Amfinin doğrultmaç devresini sökerek doğrudan 12 V ile çalıştırırken kullandığınız DC kaynağının sağladığı akım ne ise; ki anlaşılan 2 amper civarında; aküden de aynı akımı çekebilmeniz lazım. Çünkü otomobil aküleri bilindiği gibi, ‘başlatma işlemi’ için gerekli olan 25 ampere kadar akımı, kısa süreli olmak kaydıyla verebiliyor. Bu akımı gereksiniminiz olan 2 ampere düşürmek için bir ‘doğrusal DC akım değiştirici’ kullanmak; örneğin, aküye 12 ohmluk iki direnci paralel, üçüncü bir 6 ohmluk direnci de bu ikisine seri olarak bağlayıp, doğrultmacı sökülmüş amfinin giriş ve çıkışını, paralel bağlı 12 ohmluk dirençlerden birinin uçlarına bağlamanız yeterli olmalı. Ancak, ‘bu durumda, dirençlerdeki ısı kaybı gücün kullanım verimini azaltır.
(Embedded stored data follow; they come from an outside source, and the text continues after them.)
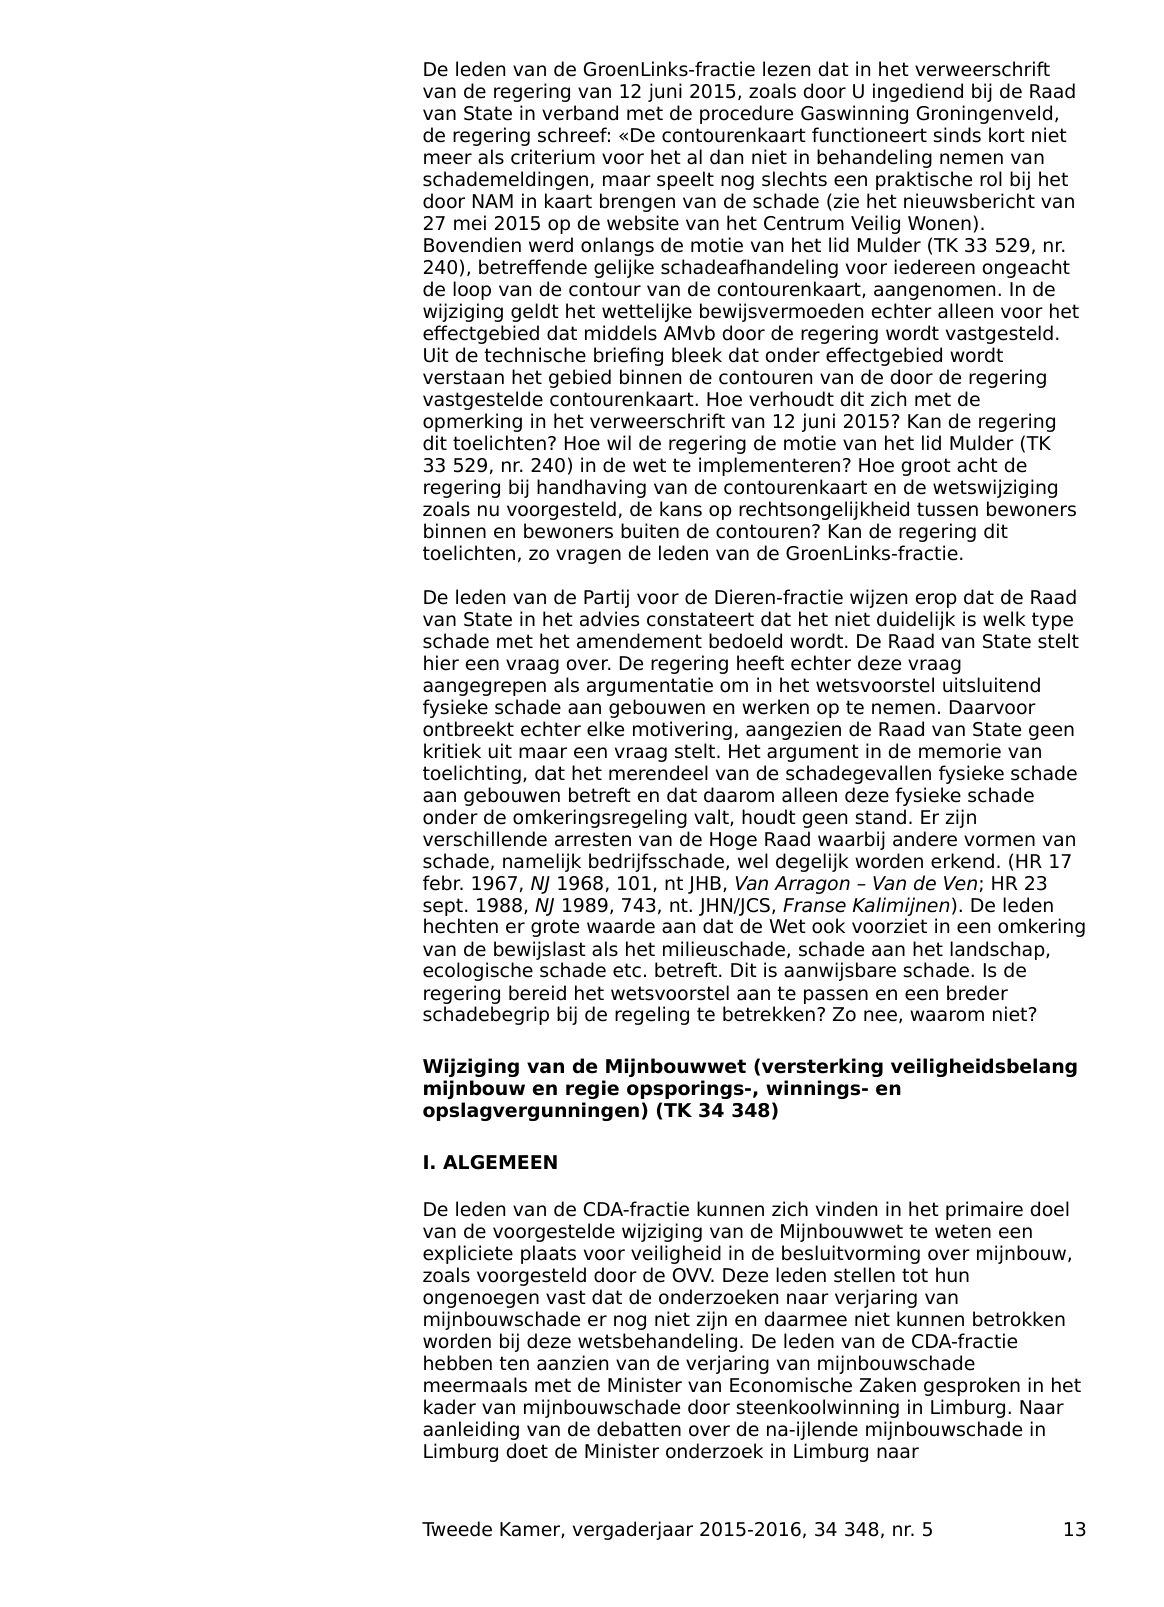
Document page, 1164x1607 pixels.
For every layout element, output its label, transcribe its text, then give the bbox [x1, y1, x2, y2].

text De leden van de Partij voor de Dieren-fractie wijzen erop dat de Raad van State in het advies constateert dat het niet duidelijk is welk type schade met het amendement bedoeld wordt. De Raad van State stelt hier een vraag over. De regering heeft echter deze vraag aangegrepen als argumentatie om in het wetsvoorstel uitsluitend fysieke schade aan gebouwen en werken op te nemen. Daarvoor ontbreekt echter elke motivering, aangezien de Raad van State geen kritiek uit maar een vraag stelt. Het argument in de memorie van toelichting, dat het merendeel van de schadegevallen fysieke schade aan gebouwen betreft en dat daarom alleen deze fysieke schade onder de omkeringsregeling valt, houdt geen stand. Er zijn verschillende arresten van de Hoge Raad waarbij andere vormen van schade, namelijk bedrijfsschade, wel degelijk worden erkend. (HR 17 febr. 1967, NJ 1968, 101, nt JHB, Van Arragon – Van de Ven; HR 23 sept. 1988, NJ 1989, 743, nt. JHN/JCS, Franse Kalimijnen). De leden hechten er grote waarde aan dat de Wet ook voorziet in een omkering van de bewijslast als het milieuschade, schade aan het landschap, ecologische schade etc. betreft. Dit is aanwijsbare schade. Is de regering bereid het wetsvoorstel aan te passen en een breder schadebegrip bij de regeling te betrekken? Zo nee, waarom niet? [422, 587, 1087, 1026]
subtitle I. ALGEMEEN [422, 1152, 1087, 1174]
text De leden van de GroenLinks-fractie lezen dat in het verweerschrift van de regering van 12 juni 2015, zoals door U ingediend bij de Raad van State in verband met de procedure Gaswinning Groningenveld, de regering schreef: «De contourenkaart functioneert sinds kort niet meer als criterium voor het al dan niet in behandeling nemen van schademeldingen, maar speelt nog slechts een praktische rol bij het door NAM in kaart brengen van de schade (zie het nieuwsbericht van 27 mei 2015 op de website van het Centrum Veilig Wonen). Bovendien werd onlangs de motie van het lid Mulder (TK 33 529, nr. 240), betreffende gelijke schadeafhandeling voor iedereen ongeacht de loop van de contour van de contourenkaart, aangenomen. In de wijziging geldt het wettelijke bewijsvermoeden echter alleen voor het effectgebied dat middels AMvb door de regering wordt vastgesteld. Uit de technische briefing bleek dat onder effectgebied wordt verstaan het gebied binnen de contouren van de door de regering vastgestelde contourenkaart. Hoe verhoudt dit zich met de opmerking in het verweerschrift van 12 juni 2015? Kan de regering dit toelichten? Hoe wil de regering de motie van het lid Mulder (TK 33 529, nr. 240) in de wet te implementeren? Hoe groot acht de regering bij handhaving van de contourenkaart en de wetswijziging zoals nu voorgesteld, de kans op rechtsongelijkheid tussen bewoners binnen en bewoners buiten de contouren? Kan de regering dit toelichten, zo vragen de leden van de GroenLinks-fractie. [422, 59, 1087, 564]
subtitle Wijziging van de Mijnbouwwet (versterking veiligheidsbelang mijnbouw en regie opsporings-, winnings- en opslagvergunningen) (TK 34 348) [422, 1056, 1087, 1122]
text De leden van de CDA-fractie kunnen zich vinden in het primaire doel van de voorgestelde wijziging van de Mijnbouwwet te weten een expliciete plaats voor veiligheid in de besluitvorming over mijnbouw, zoals voorgesteld door de OVV. Deze leden stellen tot hun ongenoegen vast dat de onderzoeken naar verjaring van mijnbouwschade er nog niet zijn en daarmee niet kunnen betrokken worden bij deze wetsbehandeling. De leden van de CDA-fractie hebben ten aanzien van de verjaring van mijnbouwschade meermaals met de Minister van Economische Zaken gesproken in het kader van mijnbouwschade door steenkoolwinning in Limburg. Naar aanleiding van de debatten over de na-ijlende mijnbouwschade in Limburg doet de Minister onderzoek in Limburg naar [422, 1199, 1087, 1463]

Halbuki otomobil aküleri genelde; uzun süreyle düşük amper sağlayabilen ‘derin döngülü’ akülerin aksine; kısa süreyle yüksek amper verebilecek şekilde tasarımlanmışlardır ve fazlaca boşaltılmamaları gerekir. Aksi şekilde kullanım, yani düzenli olarak hatırı sayılır düzeyde güç çekilmesi, akünün ömrünü kısaltacaktır. Bir başka seçenek, hedeflenen akım düzeyini çıktı olarak sağlayan özel bir ‘anahtarlı’ (‘switching’) ‘DC-DC çevirici’ kullanmak.

Saygılarımla
Vural Altın

 --------------------

Benim merak ettiğim konu topraklama. ‘İnternet’te yaptığım araştırmada sağlıklı ve standartlaşmış bir bilgi bulamadım. Ayrıca işyerimde de iş güvenliği mühendisliği görevini bana verdikleri için, bu işi yapan pek çok firmayla görüşüyorum. Hiçbiri ortak bir noktada buluşamıyor. Bazısı diyor ki “topraklama en iyi bakır levhayla yapılır”, bazısı “o eskidendi, artık bakır çubuk çakılması gerekiyor” diyor. Bazısı “sizi kandırıyorlar, ABD’de bakır değil, galvanizli boru kullanılıyor” gibi şeyler söylüyor. Esasen ben makina mühendisiyim, elektrikten hiç anlamıyorum. Merak ettiğim şeyse, ayrıntılı olarak ve adım-adım olarak herşey. Ülkemizde ve hatta dünyada bu konuda çok büyük bir bilgi eksikliği var. Ben en çok kendi evimdeki elektrik tesisatıyla ilgileniyorum. Güvenli bir elektrik tesisatı için; hem insanlar için hem cihazlar için, ayrıca yangın gibi felaketlere karşı koruma, ev tesisatını komple voltaj değişimlerinden koruma, çanak anten elektrikli şofben v.s. konularında neler yapılabilir? Mesela kaçak akım röleleri nerelere konulmalı? Çamaşır makinası gibi cihazların topraklı fişi (mesela) güvenilir mi? Hakikaten şaseye bağlı mı? Çalışıp çalışmadığını test edebilir miyiz? Bütün bunları kendi başımıza yapabilir miyiz? Bilgisayar donanımlarına ayrı bir topraklama yapılması gerektiğini duydum. Her bilgisayar için ayrı bir topraklama mı? Yazıcı gibi cihazları ne yapmak lazım? Cat5 ağ kablolarından da bilgisayarların yanma durumu olabiliyor. Bunun için ne yapmak lazım? Bende ftp kablo var, içerisinde toprak teli var; bunu nasıl topraklamam lazım? Gibi... (Mustafa Orkun Büyükışık)
Öncelikle bu yerinde sorunuz, kapsamlı önerileriniz ve kullandığınız son derece düzgün Türkçe için teşekkürle başlayayım. Sorunuzun, aralarında mantıklı bir şekilde etkileşen ve uyumlu bir bütün oluşturan bileşenlerinin bu denli akıcı bir şekilde anlatılmış olması; aklın somut sorunlar karşısındaki etkin, rahat ve berrak kullanımının güzel bir örneğini oluşturuyor. Sizi bunun için de ayrıca kutlar, okurlarımıza örnek oluşturmasını dilerim. Herkese iltifat alışkanlığında olmadığımı da özenle belirtmeliyim.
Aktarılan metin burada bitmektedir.